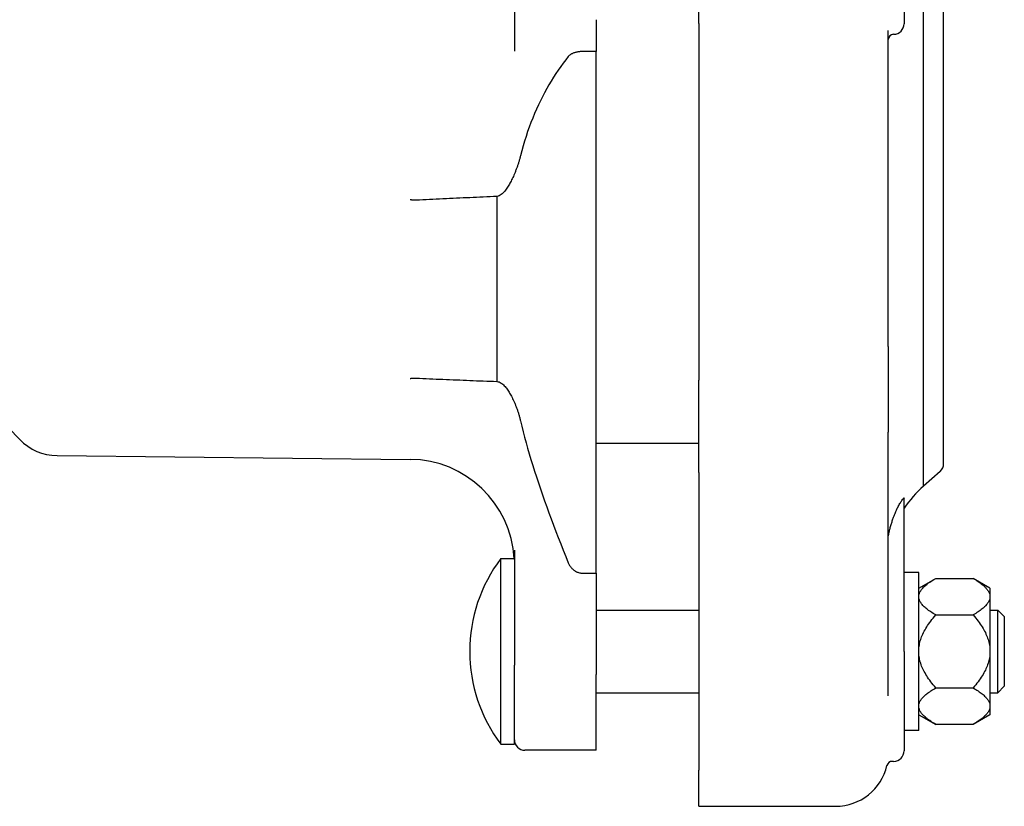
# Model space of a CAD drawing. Header units: millimetres. Extents: x 583 to 4934, y 370 to 1456.
# Tile 2 of 5: x 1589 to 1776, y 690 to 839. Entities that reach past the tile are written whole.
import ezdxf

# ---------------------------------------------------------------- set-up
doc = ezdxf.new("R2010")
doc.units = ezdxf.units.MM
doc.layers.add('DETAIL', color=2, linetype='Continuous')

msp = doc.modelspace()

# ---------------------------------------------------------------- linework, layer by layer
at = {"layer": 'DETAIL'}
for p, q in [((1718.03, 838.13), (1718.03, 856.98)), ((1757.03, 856.98), (1757.03, 838.1)), ((1760.72, 750.33), (1760.72, 846.46)), ((1764.53, 754.63), (1764.53, 845.13)), ((1683.05, 840.78), (1683.05, 832.87)), ((1698.55, 838.87), (1698.55, 832.83)), ((1718.03, 838.13), (1718.03, 770.44)), ((1754.03, 776.85), (1754.03, 836.79)), ((1698.53, 832.83), (1695.99, 832.83)), ((1698.53, 832.83), (1698.53, 733.83)), ((1698.53, 832.83), (1698.55, 832.83)), ((1679.7, 805.32), (1679.7, 770.21)), ((1565.25, 783.94), (1589.12, 759.19)), ((1754.03, 776.85), (1754.03, 760.59)), ((1718.03, 752.91), (1718.03, 770.44)), ((1754.03, 710.56), (1754.03, 760.59)), ((1698.53, 758.48), (1710.53, 758.48)), ((1710.53, 758.48), (1718.03, 758.48)), ((1596.22, 756.13), (1663.26, 755.42)), ((1718.03, 752.91), (1718.03, 696.41)), ((1763.86, 753.14), (1760.72, 750.33)), ((1757.03, 718.99), (1757.03, 748.08)), ((1680.44, 701.38), (1680.44, 736.58)), ((1680.44, 736.58), (1683.02, 736.58)), ((1683.05, 738.22), (1683.05, 719.16)), ((1695.99, 733.83), (1698.53, 733.83)), ((1698.55, 733.83), (1698.53, 733.83)), ((1698.55, 733.83), (1698.55, 718.56)), ((1759.83, 733.98), (1757.03, 733.98)), ((1759.83, 703.98), (1759.83, 733.98)), ((1759.83, 730.98), (1763.03, 732.83)), ((1763.03, 732.83), (1770.13, 732.83)), ((1773.33, 730.98), (1770.13, 732.83)), ((1773.33, 730.98), (1773.33, 729.58)), ((1773.33, 729.58), (1773.33, 729.14)), ((1773.33, 729.14), (1773.33, 719.42)), ((1698.55, 726.83), (1718.03, 726.83)), ((1763.03, 725.9), (1770.13, 725.9)), ((1773.33, 726.83), (1774.83, 726.83)), ((1774.83, 711.13), (1774.83, 726.83)), ((1776.05, 725.61), (1774.83, 726.83)), ((1776.05, 725.61), (1776.05, 712.35)), ((1683.05, 719.16), (1683.05, 716.37)), ((1698.55, 718.56), (1698.55, 714.62)), ((1757.03, 718.99), (1757.03, 700.11)), ((1773.33, 719.42), (1773.33, 718.54)), ((1773.33, 718.54), (1773.33, 708.81)), ((1683.05, 701.38), (1683.05, 716.37)), ((1698.55, 700.21), (1698.55, 714.62)), ((1776.05, 712.35), (1774.83, 711.13)), ((1698.55, 711.13), (1718.03, 711.13)), ((1763.03, 712.05), (1770.13, 712.05)), ((1773.33, 711.13), (1774.83, 711.13)), ((1773.33, 708.81), (1773.33, 708.37)), ((1759.83, 706.97), (1763.03, 705.13)), ((1773.33, 706.97), (1770.13, 705.13)), ((1773.33, 708.37), (1773.33, 706.97)), ((1770.13, 705.13), (1763.03, 705.13)), ((1759.83, 703.98), (1757.03, 703.98)), ((1680.44, 701.38), (1683.05, 701.38)), ((1698.55, 700.21), (1685.05, 700.21)), ((1755.03, 698.11), (1754.75, 698.11)), ((1718.03, 689.58), (1718.03, 696.41)), ((1718.03, 689.58), (1744.03, 689.58))]:
    msp.add_line(p, q, dxfattribs=at)
at = {"layer": 'DETAIL', "flags": 128}
for points in [[(1693.27, 831.86), (1692.79, 831.24), (1692.31, 830.61), (1691.84, 829.97), (1691.38, 829.31), (1690.92, 828.63), (1690.48, 827.94), (1690.04, 827.23), (1689.61, 826.51), (1689.18, 825.78), (1688.77, 825.02), (1688.37, 824.26), (1687.98, 823.48), (1687.6, 822.68), (1687.23, 821.87), (1686.87, 821.05), (1686.52, 820.21), (1686.18, 819.36), (1685.86, 818.49), (1685.55, 817.62), (1685.25, 816.72), (1684.97, 815.82), (1684.7, 814.9), (1684.44, 813.98), (1684.2, 813.03)], [(1695.99, 832.83), (1695.84, 832.83), (1695.69, 832.83), (1695.54, 832.82), (1695.39, 832.8), (1695.24, 832.78), (1695.1, 832.76), (1694.96, 832.73), (1694.82, 832.7), (1694.69, 832.67), (1694.57, 832.64), (1694.44, 832.6), (1694.32, 832.55), (1694.21, 832.51), (1694.1, 832.46), (1694, 832.41), (1693.9, 832.36), (1693.8, 832.31), (1693.71, 832.25), (1693.63, 832.19), (1693.55, 832.13), (1693.47, 832.06), (1693.4, 832), (1693.33, 831.93), (1693.27, 831.86)], [(1684.2, 813.03), (1684.16, 812.89), (1684.13, 812.75), (1684.09, 812.61), (1684.05, 812.47), (1684.01, 812.33), (1683.97, 812.18), (1683.93, 812.04), (1683.88, 811.9), (1683.84, 811.76), (1683.79, 811.61), (1683.75, 811.47), (1683.7, 811.33), (1683.65, 811.18), (1683.6, 811.04), (1683.55, 810.9), (1683.5, 810.75), (1683.45, 810.61), (1683.39, 810.47), (1683.34, 810.32), (1683.28, 810.18), (1683.23, 810.04), (1683.17, 809.9), (1683.11, 809.76), (1683.05, 809.62)], [(1683.05, 809.62), (1682.94, 809.37), (1682.84, 809.14), (1682.73, 808.9), (1682.62, 808.68), (1682.51, 808.45), (1682.41, 808.24), (1682.3, 808.03), (1682.19, 807.83), (1682.08, 807.63), (1681.97, 807.44), (1681.86, 807.26), (1681.74, 807.08), (1681.62, 806.89), (1681.48, 806.7), (1681.35, 806.51), (1681.2, 806.33), (1681.05, 806.15), (1680.9, 805.99), (1680.73, 805.84), (1680.56, 805.69), (1680.36, 805.55), (1680.16, 805.44), (1679.93, 805.36), (1679.7, 805.32)], [(1664.37, 804.61), (1664.32, 804.6), (1664.28, 804.6), (1664.23, 804.6), (1664.18, 804.6), (1664.14, 804.6), (1664.09, 804.6), (1664.04, 804.6), (1664, 804.6), (1663.95, 804.6), (1663.9, 804.61), (1663.86, 804.61), (1663.81, 804.61), (1663.76, 804.62), (1663.72, 804.62), (1663.67, 804.63), (1663.63, 804.63), (1663.58, 804.64), (1663.53, 804.64), (1663.49, 804.65), (1663.44, 804.66), (1663.4, 804.66), (1663.35, 804.67), (1663.31, 804.68), (1663.26, 804.69)], [(1679.7, 805.32), (1679.06, 805.29), (1678.42, 805.26), (1677.78, 805.23), (1677.14, 805.2), (1676.5, 805.17), (1675.87, 805.15), (1675.23, 805.12), (1674.59, 805.09), (1673.95, 805.06), (1673.31, 805.03), (1672.67, 805), (1672.03, 804.97), (1671.39, 804.94), (1670.75, 804.91), (1670.12, 804.88), (1669.48, 804.85), (1668.84, 804.82), (1668.2, 804.79), (1667.56, 804.76), (1666.92, 804.73), (1666.28, 804.7), (1665.65, 804.67), (1665.01, 804.64), (1664.37, 804.61)], [(1663.26, 770.79), (1663.31, 770.8), (1663.35, 770.8), (1663.4, 770.81), (1663.44, 770.81), (1663.49, 770.82), (1663.53, 770.82), (1663.58, 770.82), (1663.63, 770.83), (1663.67, 770.83), (1663.72, 770.83), (1663.76, 770.83), (1663.81, 770.84), (1663.86, 770.84), (1663.9, 770.84), (1663.95, 770.84), (1664, 770.84), (1664.04, 770.84), (1664.09, 770.84), (1664.14, 770.84), (1664.18, 770.84), (1664.23, 770.84), (1664.28, 770.84), (1664.32, 770.83), (1664.37, 770.83)], [(1664.37, 770.83), (1665.01, 770.81), (1665.65, 770.78), (1666.28, 770.75), (1666.92, 770.73), (1667.56, 770.7), (1668.2, 770.67), (1668.84, 770.65), (1669.48, 770.62), (1670.12, 770.59), (1670.75, 770.57), (1671.39, 770.54), (1672.03, 770.52), (1672.67, 770.49), (1673.31, 770.46), (1673.95, 770.44), (1674.59, 770.41), (1675.23, 770.39), (1675.87, 770.36), (1676.5, 770.34), (1677.14, 770.31), (1677.78, 770.29), (1678.42, 770.26), (1679.06, 770.24), (1679.7, 770.21)], [(1679.7, 770.21), (1679.93, 770.17), (1680.14, 770.11), (1680.33, 770.02), (1680.51, 769.91), (1680.67, 769.8), (1680.82, 769.68), (1680.97, 769.54), (1681.12, 769.4), (1681.26, 769.24), (1681.4, 769.08), (1681.53, 768.91), (1681.66, 768.73), (1681.79, 768.56), (1681.91, 768.38), (1682.02, 768.2), (1682.14, 768.01), (1682.25, 767.81), (1682.37, 767.6), (1682.49, 767.39), (1682.6, 767.17), (1682.71, 766.94), (1682.83, 766.7), (1682.94, 766.46), (1683.05, 766.21)], [(1683.05, 766.21), (1683.11, 766.07), (1683.17, 765.93), (1683.23, 765.79), (1683.28, 765.65), (1683.34, 765.51), (1683.39, 765.37), (1683.45, 765.23), (1683.5, 765.08), (1683.55, 764.94), (1683.6, 764.79), (1683.65, 764.65), (1683.7, 764.5), (1683.75, 764.36), (1683.79, 764.21), (1683.84, 764.06), (1683.88, 763.91), (1683.93, 763.77), (1683.97, 763.62), (1684.01, 763.47), (1684.05, 763.32), (1684.09, 763.17), (1684.13, 763.02), (1684.16, 762.87), (1684.2, 762.72)], [(1684.2, 762.72), (1684.44, 761.71), (1684.7, 760.68), (1684.97, 759.64), (1685.25, 758.59), (1685.55, 757.53), (1685.86, 756.46), (1686.18, 755.38), (1686.52, 754.29), (1686.87, 753.2), (1687.23, 752.09), (1687.6, 750.97), (1687.98, 749.85), (1688.37, 748.71), (1688.77, 747.57), (1689.18, 746.42), (1689.61, 745.27), (1690.04, 744.11), (1690.48, 742.94), (1690.92, 741.76), (1691.38, 740.58), (1691.84, 739.4), (1692.31, 738.21), (1692.79, 737.01), (1693.27, 735.81)], [(1755.03, 744.46), (1755.12, 744.7), (1755.21, 744.92), (1755.3, 745.14), (1755.38, 745.36), (1755.47, 745.56), (1755.56, 745.76), (1755.65, 745.95), (1755.74, 746.14), (1755.84, 746.32), (1755.93, 746.5), (1756.02, 746.68), (1756.12, 746.85), (1756.22, 747.02), (1756.32, 747.19), (1756.42, 747.35), (1756.52, 747.5), (1756.61, 747.64), (1756.71, 747.78), (1756.79, 747.89), (1756.87, 747.98), (1756.94, 748.05), (1756.99, 748.09), (1757.02, 748.1), (1757.03, 748.08)], [(1754.03, 740.88), (1754.04, 740.9), (1754.05, 740.98), (1754.07, 741.08), (1754.1, 741.19), (1754.12, 741.3), (1754.14, 741.42), (1754.17, 741.55), (1754.2, 741.69), (1754.24, 741.84), (1754.27, 742), (1754.31, 742.16), (1754.36, 742.33), (1754.41, 742.51), (1754.45, 742.69), (1754.5, 742.87), (1754.56, 743.05), (1754.61, 743.23), (1754.67, 743.41), (1754.73, 743.59), (1754.78, 743.77), (1754.84, 743.95), (1754.91, 744.12), (1754.97, 744.29), (1755.03, 744.46)], [(1683.02, 736.58), (1683.02, 736.57), (1683.02, 736.57), (1683.02, 736.56), (1683.02, 736.55), (1683.02, 736.53), (1683.02, 736.51), (1683.02, 736.49), (1683.02, 736.46), (1683.03, 736.43), (1683.03, 736.4), (1683.03, 736.36), (1683.03, 736.32), (1683.03, 736.28), (1683.04, 736.23), (1683.04, 736.18), (1683.04, 736.12), (1683.04, 736.07), (1683.04, 736.01), (1683.05, 735.94), (1683.05, 735.87), (1683.05, 735.8), (1683.05, 735.73), (1683.05, 735.65), (1683.05, 735.57)], [(1693.27, 735.81), (1693.33, 735.68), (1693.39, 735.55), (1693.46, 735.42), (1693.53, 735.3), (1693.61, 735.18), (1693.69, 735.06), (1693.78, 734.94), (1693.87, 734.83), (1693.97, 734.72), (1694.07, 734.62), (1694.18, 734.52), (1694.3, 734.42), (1694.42, 734.34), (1694.54, 734.25), (1694.67, 734.18), (1694.81, 734.11), (1694.94, 734.04), (1695.09, 733.99), (1695.23, 733.94), (1695.38, 733.9), (1695.53, 733.87), (1695.68, 733.85), (1695.84, 733.83), (1695.99, 733.83)], [(1759.83, 729.58), (1759.85, 729.71), (1759.88, 729.84), (1759.92, 729.97), (1759.97, 730.1), (1760.03, 730.23), (1760.1, 730.36), (1760.18, 730.49), (1760.27, 730.62), (1760.36, 730.75), (1760.47, 730.88), (1760.59, 731.01), (1760.71, 731.15), (1760.85, 731.28), (1761, 731.41), (1761.15, 731.55), (1761.32, 731.69), (1761.49, 731.82), (1761.68, 731.96), (1761.88, 732.1), (1762.09, 732.24), (1762.31, 732.39), (1762.54, 732.53), (1762.78, 732.68), (1763.03, 732.83)], [(1770.13, 732.83), (1770.38, 732.68), (1770.62, 732.53), (1770.85, 732.39), (1771.07, 732.24), (1771.28, 732.1), (1771.48, 731.96), (1771.67, 731.82), (1771.84, 731.69), (1772.01, 731.55), (1772.16, 731.41), (1772.31, 731.28), (1772.45, 731.15), (1772.57, 731.01), (1772.69, 730.88), (1772.8, 730.75), (1772.89, 730.62), (1772.98, 730.49), (1773.06, 730.36), (1773.13, 730.23), (1773.19, 730.1), (1773.24, 729.97), (1773.28, 729.84), (1773.31, 729.71), (1773.33, 729.58)], [(1763.03, 725.9), (1762.78, 726.05), (1762.54, 726.2), (1762.31, 726.34), (1762.09, 726.48), (1761.88, 726.63), (1761.68, 726.77), (1761.49, 726.91), (1761.32, 727.04), (1761.15, 727.18), (1761, 727.31), (1760.85, 727.45), (1760.71, 727.58), (1760.59, 727.71), (1760.47, 727.85), (1760.36, 727.98), (1760.27, 728.11), (1760.18, 728.24), (1760.1, 728.37), (1760.03, 728.5), (1759.97, 728.63), (1759.92, 728.76), (1759.88, 728.89), (1759.85, 729.02), (1759.83, 729.14)], [(1773.33, 729.14), (1773.31, 729.02), (1773.28, 728.89), (1773.24, 728.76), (1773.19, 728.63), (1773.13, 728.5), (1773.06, 728.37), (1772.98, 728.24), (1772.89, 728.11), (1772.8, 727.98), (1772.69, 727.85), (1772.57, 727.71), (1772.45, 727.58), (1772.31, 727.45), (1772.16, 727.31), (1772.01, 727.18), (1771.84, 727.04), (1771.67, 726.91), (1771.48, 726.77), (1771.28, 726.63), (1771.07, 726.48), (1770.85, 726.34), (1770.62, 726.2), (1770.38, 726.05), (1770.13, 725.9)], [(1759.83, 719.42), (1759.85, 719.67), (1759.88, 719.93), (1759.92, 720.19), (1759.97, 720.45), (1760.03, 720.71), (1760.1, 720.97), (1760.18, 721.23), (1760.27, 721.49), (1760.36, 721.75), (1760.47, 722.01), (1760.59, 722.28), (1760.71, 722.54), (1760.85, 722.81), (1761, 723.08), (1761.15, 723.35), (1761.32, 723.62), (1761.49, 723.89), (1761.68, 724.17), (1761.88, 724.45), (1762.09, 724.73), (1762.31, 725.02), (1762.54, 725.31), (1762.78, 725.6), (1763.03, 725.9)], [(1770.13, 725.9), (1770.38, 725.6), (1770.62, 725.31), (1770.85, 725.02), (1771.07, 724.73), (1771.28, 724.45), (1771.48, 724.17), (1771.67, 723.89), (1771.84, 723.62), (1772.01, 723.35), (1772.16, 723.08), (1772.31, 722.81), (1772.45, 722.54), (1772.57, 722.28), (1772.69, 722.01), (1772.8, 721.75), (1772.89, 721.49), (1772.98, 721.23), (1773.06, 720.97), (1773.13, 720.71), (1773.19, 720.45), (1773.24, 720.19), (1773.28, 719.93), (1773.31, 719.67), (1773.33, 719.42)], [(1763.03, 712.05), (1762.78, 712.35), (1762.54, 712.64), (1762.31, 712.93), (1762.09, 713.22), (1761.88, 713.5), (1761.68, 713.78), (1761.49, 714.06), (1761.32, 714.33), (1761.15, 714.61), (1761, 714.88), (1760.85, 715.15), (1760.71, 715.41), (1760.59, 715.68), (1760.47, 715.94), (1760.36, 716.2), (1760.27, 716.46), (1760.18, 716.73), (1760.1, 716.98), (1760.03, 717.24), (1759.97, 717.5), (1759.92, 717.76), (1759.88, 718.02), (1759.85, 718.28), (1759.83, 718.54)], [(1773.33, 718.54), (1773.31, 718.28), (1773.28, 718.02), (1773.24, 717.76), (1773.19, 717.5), (1773.13, 717.24), (1773.06, 716.98), (1772.98, 716.73), (1772.89, 716.46), (1772.8, 716.2), (1772.69, 715.94), (1772.57, 715.68), (1772.45, 715.41), (1772.31, 715.15), (1772.16, 714.88), (1772.01, 714.61), (1771.84, 714.33), (1771.67, 714.06), (1771.48, 713.78), (1771.28, 713.5), (1771.07, 713.22), (1770.85, 712.93), (1770.62, 712.64), (1770.38, 712.35), (1770.13, 712.05)], [(1759.83, 708.81), (1759.85, 708.94), (1759.88, 709.07), (1759.92, 709.2), (1759.97, 709.33), (1760.03, 709.46), (1760.1, 709.58), (1760.18, 709.71), (1760.27, 709.84), (1760.36, 709.98), (1760.47, 710.11), (1760.59, 710.24), (1760.71, 710.37), (1760.85, 710.5), (1761, 710.64), (1761.15, 710.77), (1761.32, 710.91), (1761.49, 711.05), (1761.68, 711.19), (1761.88, 711.33), (1762.09, 711.47), (1762.31, 711.61), (1762.54, 711.76), (1762.78, 711.9), (1763.03, 712.05)], [(1770.13, 712.05), (1770.38, 711.9), (1770.62, 711.76), (1770.85, 711.61), (1771.07, 711.47), (1771.28, 711.33), (1771.48, 711.19), (1771.67, 711.05), (1771.84, 710.91), (1772.01, 710.77), (1772.16, 710.64), (1772.31, 710.5), (1772.45, 710.37), (1772.57, 710.24), (1772.69, 710.11), (1772.8, 709.98), (1772.89, 709.84), (1772.98, 709.71), (1773.06, 709.58), (1773.13, 709.46), (1773.19, 709.33), (1773.24, 709.2), (1773.28, 709.07), (1773.31, 708.94), (1773.33, 708.81)], [(1763.03, 705.13), (1762.78, 705.28), (1762.54, 705.42), (1762.31, 705.57), (1762.09, 705.71), (1761.88, 705.85), (1761.68, 705.99), (1761.49, 706.13), (1761.32, 706.27), (1761.15, 706.4), (1761, 706.54), (1760.85, 706.67), (1760.71, 706.81), (1760.59, 706.94), (1760.47, 707.07), (1760.36, 707.2), (1760.27, 707.33), (1760.18, 707.46), (1760.1, 707.59), (1760.03, 707.72), (1759.97, 707.85), (1759.92, 707.98), (1759.88, 708.11), (1759.85, 708.24), (1759.83, 708.37)], [(1773.33, 708.37), (1773.31, 708.24), (1773.28, 708.11), (1773.24, 707.98), (1773.19, 707.85), (1773.13, 707.72), (1773.06, 707.59), (1772.98, 707.46), (1772.89, 707.33), (1772.8, 707.2), (1772.69, 707.07), (1772.57, 706.94), (1772.45, 706.81), (1772.31, 706.67), (1772.16, 706.54), (1772.01, 706.4), (1771.84, 706.27), (1771.67, 706.13), (1771.48, 705.99), (1771.28, 705.85), (1771.07, 705.71), (1770.85, 705.57), (1770.62, 705.42), (1770.38, 705.28), (1770.13, 705.13)]]:
    msp.add_lwpolyline(points, dxfattribs=at)
at = {"layer": 'DETAIL'}
for centre, radius, start, end in [((1755.03, 838.1), 2, 270, 0), ((1755.03, 835.1), 1, 90, 180), ((1596.32, 766.13), 10, 223.9586, 269.3988), ((1663.05, 735.43), 20, 3.2985, 89.3988), ((1762.53, 754.63), 2, 311.7283, 0), ((1773.75, 735.16), 20, 130.6631, 146.7266), ((1703.85, 718.96), 29.3, 143.0366, 179.9643), ((1703.85, 718.99), 29.3, 180.0357, 216.9634), ((1685.05, 702.21), 2, 180, 270), ((1755.03, 700.11), 2, 270, 0), ((1744.03, 699.58), 10, 270, 347.0403), ((1754.75, 697.11), 1, 90, 167.0403)]:
    msp.add_arc(centre, radius, start, end, dxfattribs=at)

doc.saveas('drawing.dxf')

::::

→ ABOUT THIS TASK: Once the line containing "import ezdxf" has been located, transcribe exactly and only every line from the first line of the entries through it, excluding pictures.

→ YOUR RESPONSE:
# Model space of a CAD drawing. Header units: millimetres. Extents: x 583 to 4934, y 370 to 1456.
# Tile 2 of 5: x 1589 to 1776, y 690 to 839. Entities that reach past the tile are written whole.
import ezdxf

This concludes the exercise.